OPENAI_API_KEY: <-- your-api-key -->
Test and deploy your configuration set with
koco deploy —dry-run —file ./data/config/config.yaml
koco deploy —run —file ./data/config/config.yaml
This will apply your base configuration from ./data/config/config.yaml and adds a key application with records from ./data/config/company_news.yaml.
With running Ray, spooler and app we now start the Kodosumi panel and register Ray deployments
koco serve —register http://localhost:8001/-/routes
See Configure Ray Serve Deployments for additional options on your deployment. Be advised to gather some experience with Ray core components before you rollout your services. Understand remote resource requirements and how to limit concurrency to avoid OOM issues
Deployment API
The deployment API at /deploy and /serve is experimental.
Use kodosumi panel API to change your Ray serve deployments at runtime.

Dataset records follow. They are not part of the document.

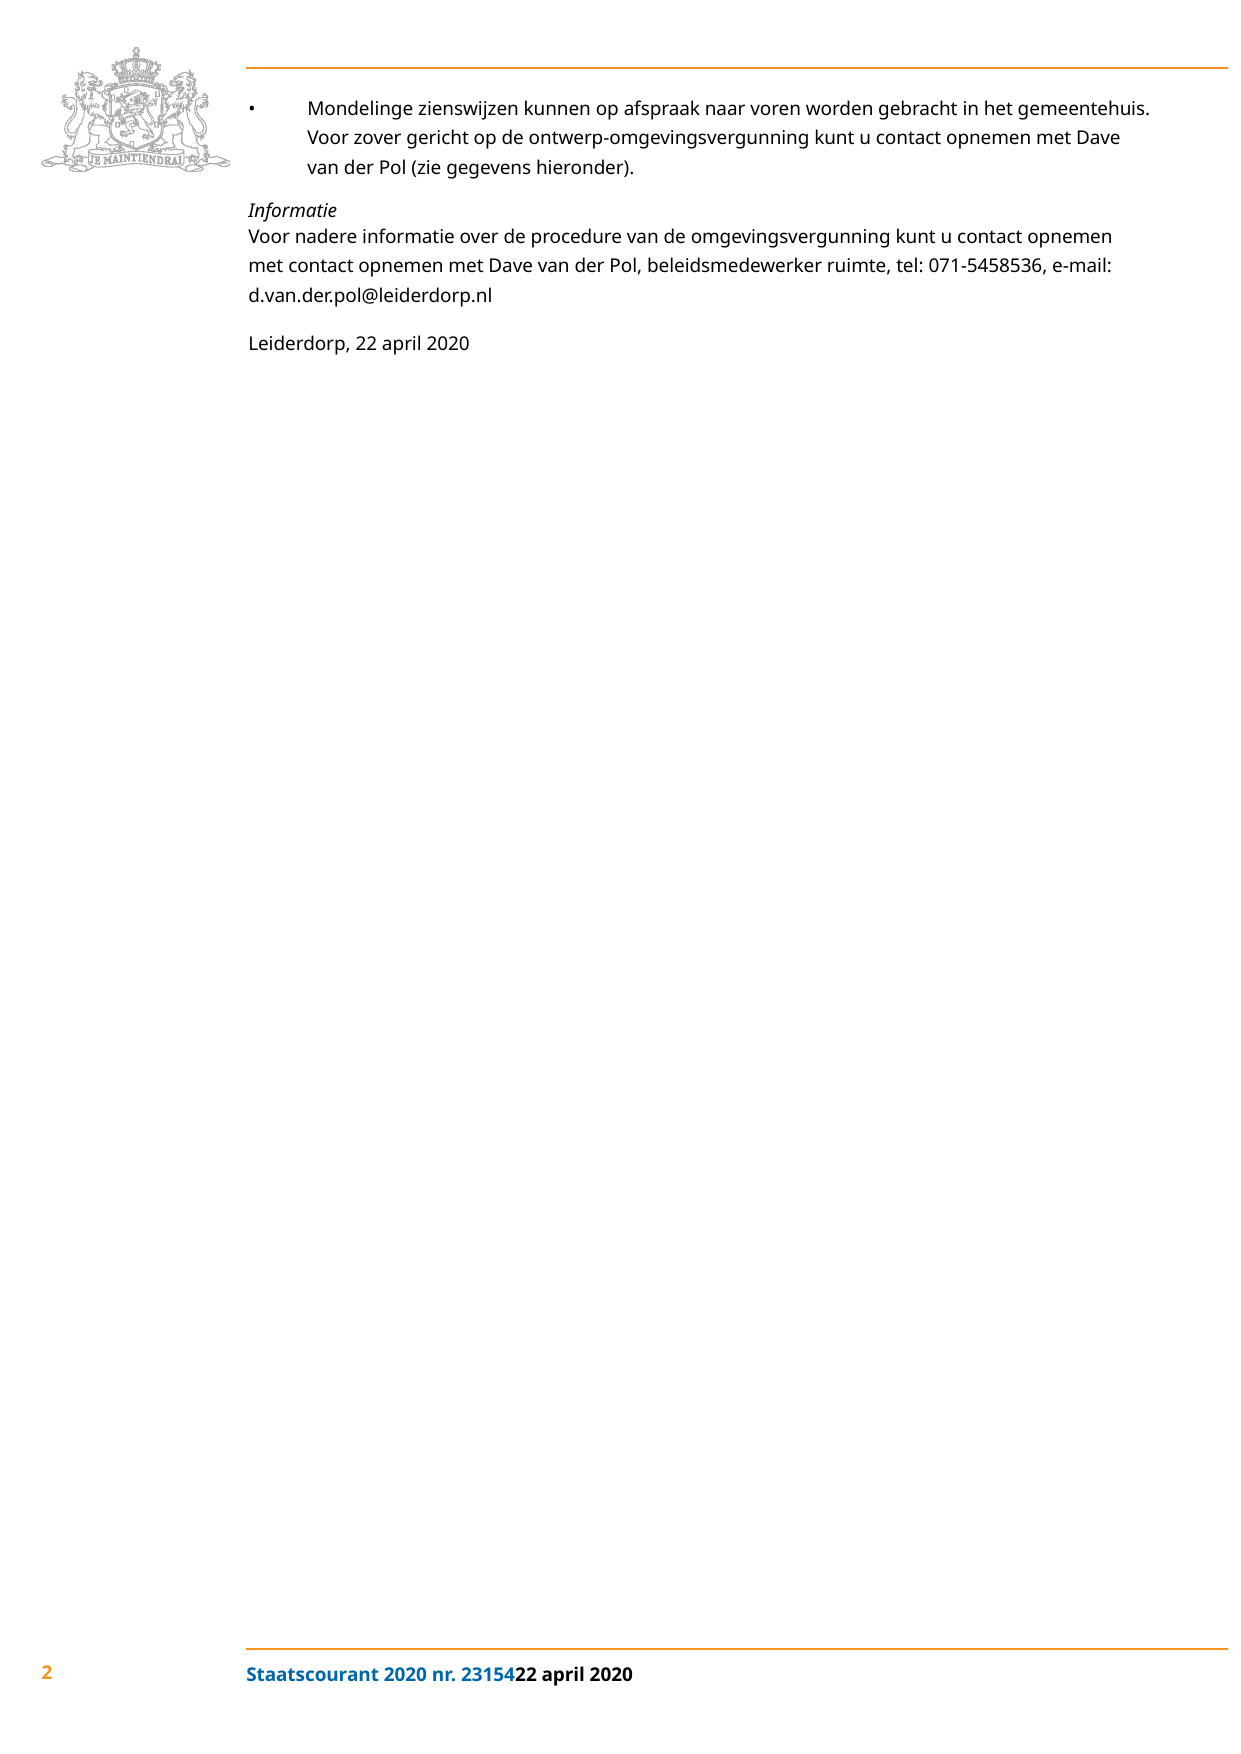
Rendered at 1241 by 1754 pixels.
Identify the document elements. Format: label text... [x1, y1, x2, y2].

text Informatie [248, 197, 1152, 223]
picture [41, 47, 231, 172]
text Leiderdorp, 22 april 2020 [248, 330, 1152, 356]
text Voor nadere informatie over de procedure van de omgevingsvergunning kunt u contact opnemen met contact opnemen met Dave van der Pol, beleidsmedewerker ruimte, tel: 071-5458536, e-mail: d.van.der.pol@leiderdorp.nl [248, 223, 1152, 308]
list Mondelinge zienswijzen kunnen op afspraak naar voren worden gebracht in het gemeentehuis. Voor zover gericht op de ontwerp-omgevingsvergunning kunt u contact opnemen met Dave van der Pol (zie gegevens hieronder). [248, 95, 1152, 180]

The panel API ships with a simple CRUD interfacce to create, read, update and delete deployment configurations including the base configuration with config.yaml.
The following Python snippets demonstrates API usage with example service kodosumi_examples.prime.
import httpx
from pprint import pprint
# login
resp = httpx.get("http://localhost:3370/login?name=admin&password=admin")
cookies = resp.cookies
# retrieve Ray serve deployments status
resp = httpx.get("http://localhost:3370/deploy", cookies=cookies)
pprint(resp.json())
Let us first stop Ray serve and remove all existing deployments except the base configuration config.yaml before we deploy the prime service.

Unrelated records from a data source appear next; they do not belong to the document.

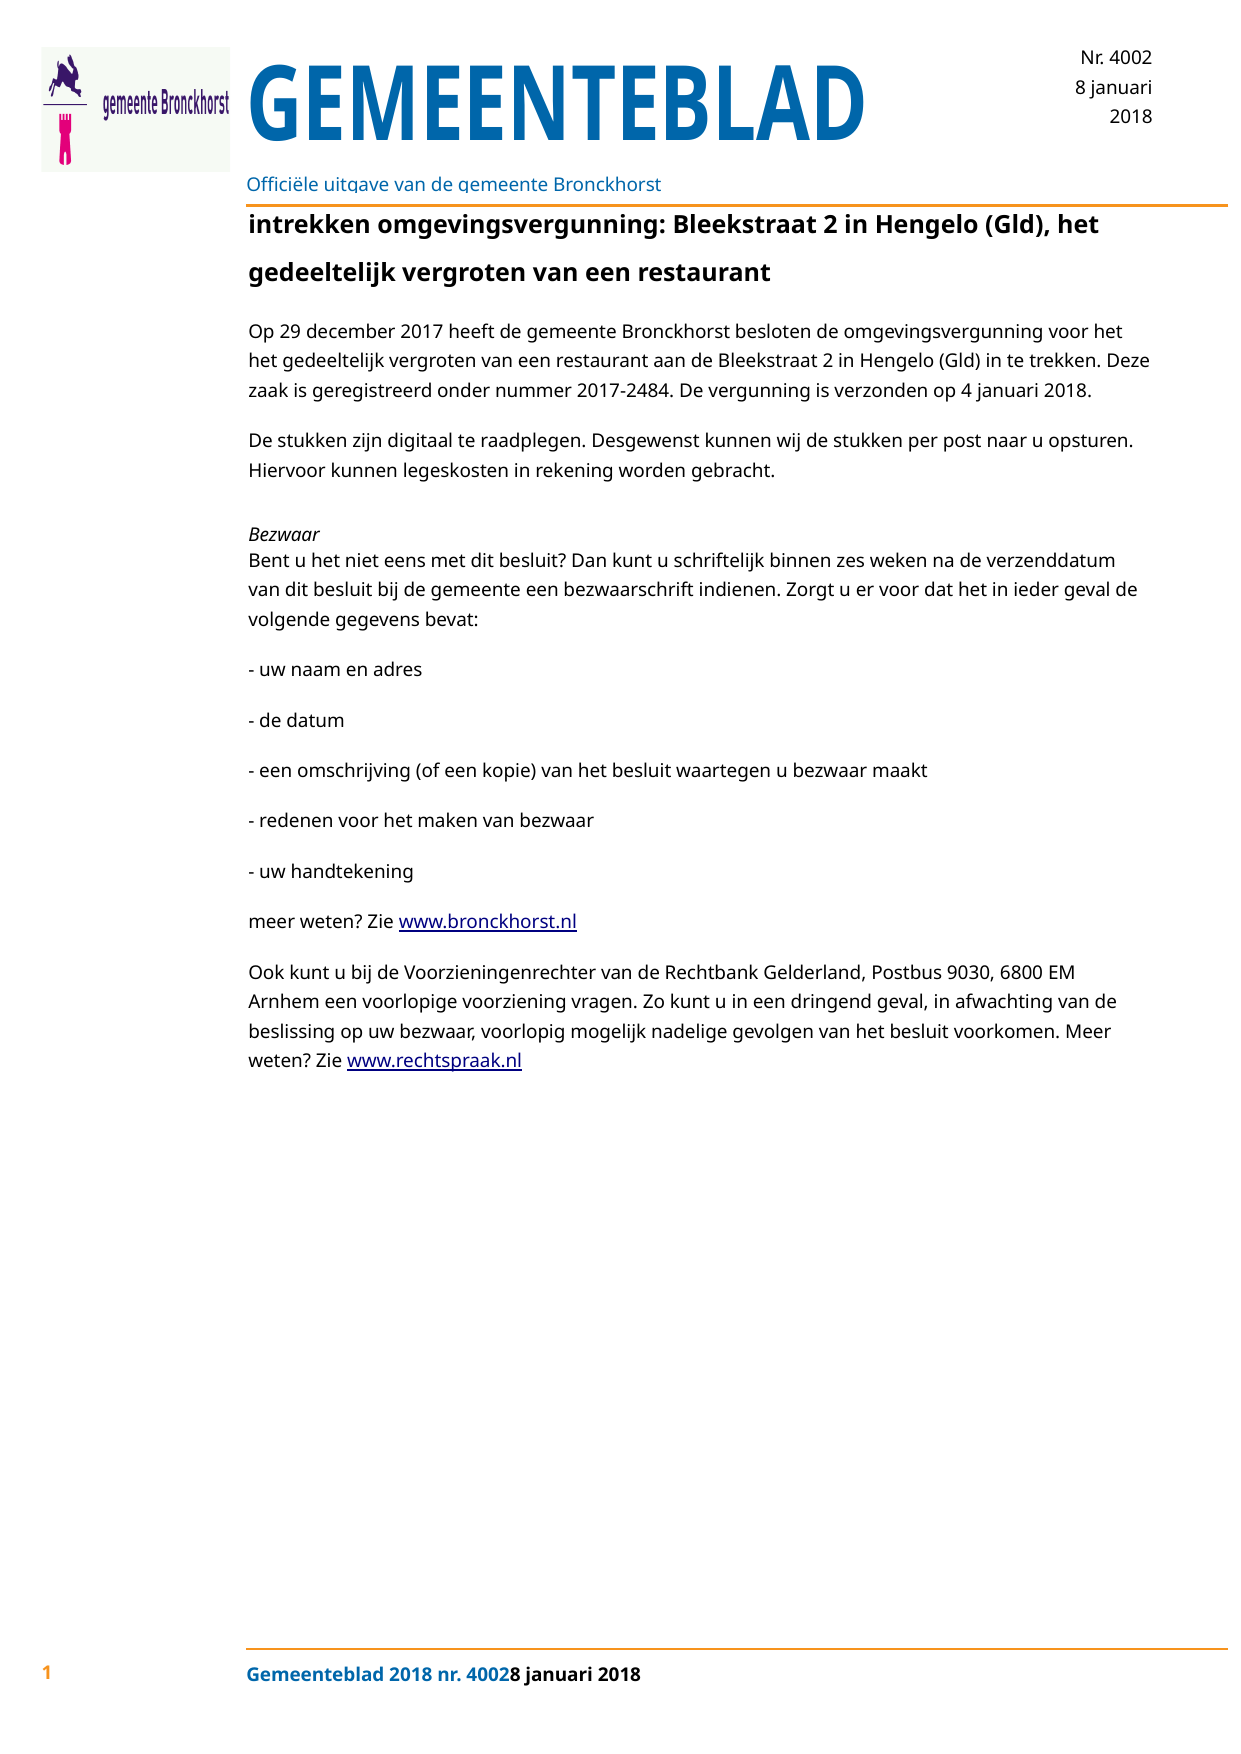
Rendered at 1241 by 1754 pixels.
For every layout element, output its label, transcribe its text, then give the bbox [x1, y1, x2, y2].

text Ook kunt u bij de Voorzieningenrechter van de Rechtbank Gelderland, Postbus 9030, 6800 EM Arnhem een voorlopige voorziening vragen. Zo kunt u in een dringend geval, in afwachting van de beslissing op uw bezwaar, voorlopig mogelijk nadelige gevolgen van het besluit voorkomen. Meer weten? Zie www.rechtspraak.nl [248, 959, 1152, 1073]
text - redenen voor het maken van bezwaar [248, 808, 1152, 833]
text Bezwaar [248, 521, 1152, 547]
text - de datum [248, 707, 1152, 732]
text De stukken zijn digitaal te raadplegen. Desgewenst kunnen wij de stukken per post naar u opsturen. Hiervoor kunnen legeskosten in rekening worden gebracht. [248, 427, 1152, 483]
text - uw naam en adres [248, 656, 1152, 682]
text - een omschrijving (of een kopie) van het besluit waartegen u bezwaar maakt [248, 757, 1152, 783]
text - uw handtekening [248, 858, 1152, 884]
text intrekken omgevingsvergunning: Bleekstraat 2 in Hengelo (Gld), het gedeeltelijk vergroten van een restaurant [248, 207, 1152, 288]
text Op 29 december 2017 heeft de gemeente Bronckhorst besloten de omgevingsvergunning voor het het gedeeltelijk vergroten van een restaurant aan de Bleekstraat 2 in Hengelo (Gld) in te trekken. Deze zaak is geregistreerd onder nummer 2017-2484. De vergunning is verzonden op 4 januari 2018. [248, 318, 1152, 403]
picture [41, 47, 231, 172]
text meer weten? Zie www.bronckhorst.nl [248, 908, 1152, 934]
text Bent u het niet eens met dit besluit? Dan kunt u schriftelijk binnen zes weken na de verzenddatum van dit besluit bij de gemeente een bezwaarschrift indienen. Zorgt u er voor dat het in ieder geval de volgende gegevens bevat: [248, 547, 1152, 632]

# retrieve active deployments
scope = httpx.get("http://localhost:3370/deploy", cookies=cookies)
for name in scope.json():
# remove deployment
print(name)
resp = httpx.delete(f"http://localhost:3370/deploy/{name}", cookies=cookies)

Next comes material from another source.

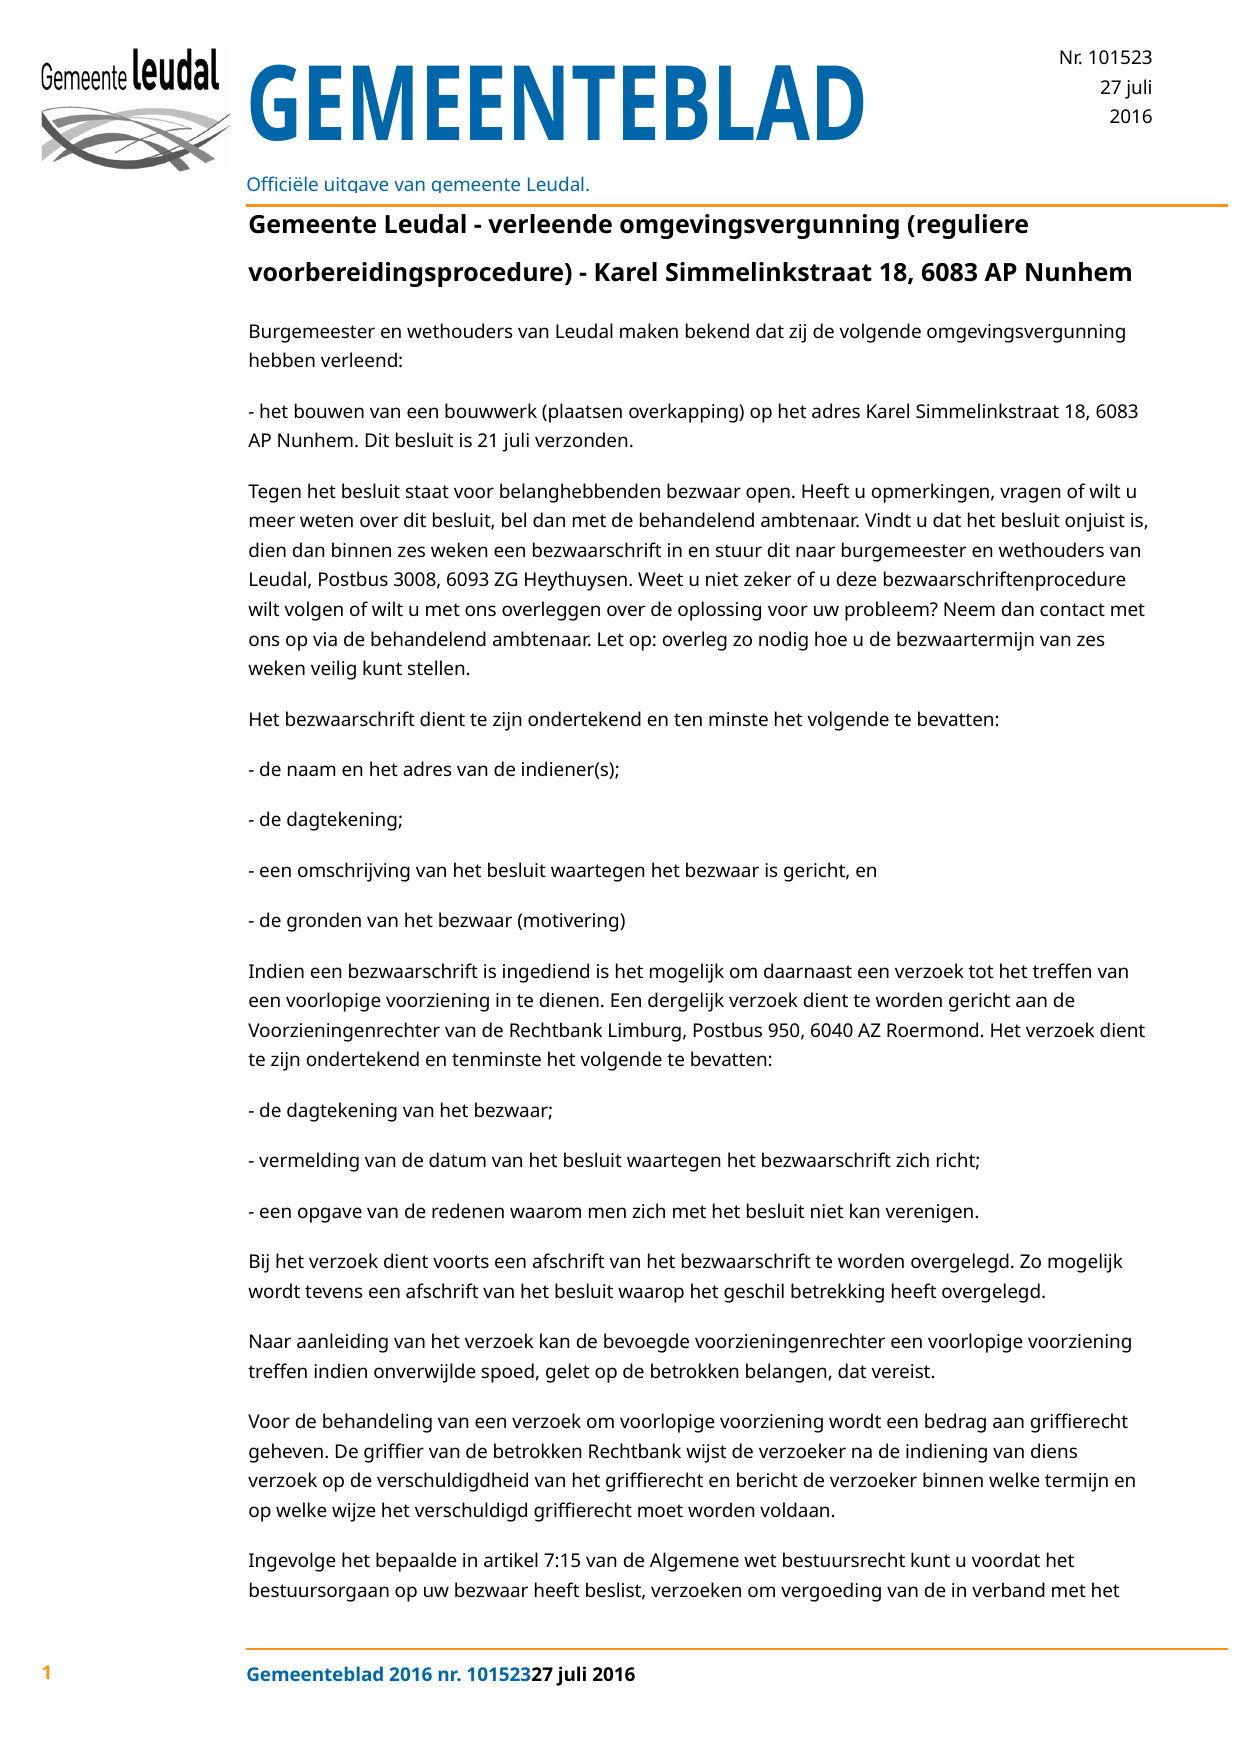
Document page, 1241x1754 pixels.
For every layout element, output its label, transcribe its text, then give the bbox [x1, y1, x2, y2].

assert resp.status_code == 204
# stop Ray serve
resp = httpx.delete("http://localhost:3370/serve", cookies=cookies)
assert resp.status_code == 204
Verify no deployments with GET /deploy and an existing base configuration with GET /deploy/config.
# verify no deployments
resp = httpx.get("http://localhost:3370/deploy", cookies=cookies)
assert resp.json() == {}
# verify base configuration
resp = httpx.get("http://localhost:3370/deploy/config", cookies=cookies)
print(resp.content.decode())
This yields the content of the base configuration ./data/config/config.yaml, for example
proxy_location: EveryNode
http_options:
host: 127.0.0.1
port: 8001
grpc_options:
port: 9001
grpc_servicer_functions: []
logging_config:
encoding: TEXT
log_level: DEBUG
logs_dir: null
enable_access_log: true
If the base configuration does not exist and GET /deploy/config throws a 404 Not found exception, then create it with for example
base = """
proxy_location: EveryNode
http_options:
host: 127.0.0.1
port: 8001
grpc_options:
port: 9001
grpc_servicer_functions: []
logging_config:
encoding: TEXT
log_level: DEBUG
logs_dir: null
enable_access_log: true
"""
resp = httpx.post("http://localhost:3370/deploy/config",
cookies=cookies,
content=base)
assert resp.status_code == 201
Deploy the prime service with the corresponding Ray serve configuration.
prime = """
name: prime
route_prefix: /prime
import_path: kodosumi_examples.prime.app:fast_app
runtime_env:
py_modules:
- https://github.com/masumi-network/kodosumi-examples/archive/2db907d955de65bed5dde6513f6359aeb18ebff1.zip
deployments:
- name: PrimeDistribution
num_replicas: auto
ray_actor_options:
num_cpus: 0.1
"""
resp = httpx.post("http://localhost:3370/deploy/prime",
cookies=cookies,
content=prime)
assert resp.status_code == 201
Verify the to-be deployment state of the prime service.
resp = httpx.get("http://localhost:3370/deploy", cookies=cookies)
assert resp.status_code == 200
assert resp.json() == {'prime': 'to-deploy'}
To request Ray serve to enter this state POST /serve with
resp = httpx.post("http://localhost:3370/serve", cookies=cookies, timeout=30)
assert resp.status_code == 201
Watch the timeout because the response of Ray serve might take a while.